TERRA.WIRE
New date for Bulgaria-Libya AIDS talks
TRIPOLI (AFP) Dec 27, 2005
Talks over compensation payments between Bulgarian officials and Libyan families of HIV positive children allegedly infected by Bulgarian nurses are to resume on January 15, an official said Tuesday.

Executive director of the Kadhafi Foundation, Salah Abdessalam, told AFP that fresh talks would begin on January 15 after a delay was called "for psychological reasons".

An official source said that the talks, originally set to resume on Wednesday, were postponed after a court ordered a retrial for the five Bulgarian nurses and a Palestinian doctor who had been sentenced to death for allegedly causing the infections.
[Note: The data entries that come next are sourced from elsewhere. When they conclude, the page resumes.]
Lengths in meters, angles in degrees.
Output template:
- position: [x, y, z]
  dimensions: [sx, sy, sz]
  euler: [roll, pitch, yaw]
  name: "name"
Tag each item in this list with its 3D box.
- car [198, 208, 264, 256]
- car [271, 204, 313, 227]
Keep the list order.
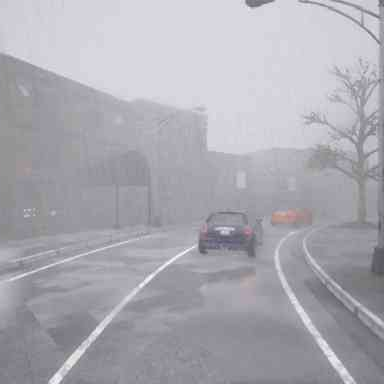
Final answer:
- position: [1.776, 1.505, 13.932]
  dimensions: [2.097, 1.767, 4.553]
  euler: [0, -1, 16]
  name: "car"
- position: [8.110, 1.800, 26.772]
  dimensions: [2.097, 1.767, 4.553]
  euler: [0, -1, 36]
  name: "car"
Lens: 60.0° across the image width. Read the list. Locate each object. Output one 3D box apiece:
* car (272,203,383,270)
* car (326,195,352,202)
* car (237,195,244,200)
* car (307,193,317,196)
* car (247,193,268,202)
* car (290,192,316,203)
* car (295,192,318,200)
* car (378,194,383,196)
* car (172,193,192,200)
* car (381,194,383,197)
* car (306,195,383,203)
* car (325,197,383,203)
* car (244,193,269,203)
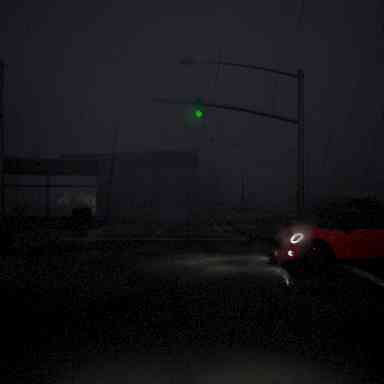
[{"bbox_3d":[4.927,1.350,10.566,4.553,1.767,2.097,0,0,-1],"label":"car"},{"bbox_3d":[30.719,1.293,69.534,4.514,1.523,2.007,0,0,-1],"label":"car"},{"bbox_3d":[14.398,1.327,88.307,4.674,1.442,1.812,0,0,-1],"label":"car"},{"bbox_3d":[20.228,1.295,50.010,4.514,1.523,2.007,0,0,-1],"label":"car"},{"bbox_3d":[12.885,1.072,65.667,3.866,1.878,1.905,0,0,-1],"label":"car"},{"bbox_3d":[20.792,1.093,62.474,4.605,1.855,1.932,0,0,-1],"label":"car"},{"bbox_3d":[30.426,1.027,88.454,5.566,2.045,2.150,0,0,-1],"label":"car"},{"bbox_3d":[20.305,1.317,40.017,3.633,1.501,1.845,0,0,-1],"label":"car"},{"bbox_3d":[-2.898,1.158,88.148,4.553,1.767,2.097,0,0,-1],"label":"car"},{"bbox_3d":[37.811,1.228,65.955,3.806,1.475,1.970,0,0,-1],"label":"car"},{"bbox_3d":[12.773,1.329,28.081,5.027,1.636,2.152,0,0,-1],"label":"car"},{"bbox_3d":[12.862,1.338,24.945,4.514,1.523,2.007,0,0,-1],"label":"car"},{"bbox_3d":[12.313,1.357,62.335,3.806,1.475,1.970,0,0,-1],"label":"car"}]

He said the meeting had been put off owing to the psychological effect on the families of the Libyan supreme court's decision on Sunday.

The discussions are aimed at finding a deal on compensation for the victims and have stoked hopes in Bulgaria that the nurses could one day be freed after having already spent seven years in jail.

Bulgaria announced last week it was creating a fund for AIDS-infected children in Libya, a move greeted in some quarters as heralding a possible breakthrough in the stalemate.

Bulgaria's President Georgy Parvanov had admitted that a release of the nurses would "have a very high price" and it remains unclear what role the fund will play in finding any eventual solution.

"The discussions that were to have taken place between the families and a Bulgarian association on December 28 were delayed to the adverse effect of the supreme court's judgement on these families," the source told AFP.

"This decision has delayed an agreement between the parties and forced them to adjourn the discussions," added the source.

The source said that discussions about the payments had been taking place in the presence of international representatives including from the European Union, Britain and the United States.

As well as seeking an agreement on compensation, the talks were looking at finding a way to care for the infected children and set up a centre for them in their town of Benghazi.

The nurses stand accused of transfusing HIV-contaminated blood into 426 children at a Benghazi hospital on Libya's Mediterranean coast. Around 50 of them have since died of AIDS.

The retrial is due to be held in one month in Benghazi. The supreme court's decision had been greeted with dismay by the families.

The Benghazi court that first condemned the medics had rejected testimony from Luc Montaignier, the French doctor who first isolated HIV, and Swiss and Italian colleagues, that the epidemic was due to a lack of hygiene.

Instead the court based its verdict on a report by Libyan experts that placed the blame on the foreign health workers.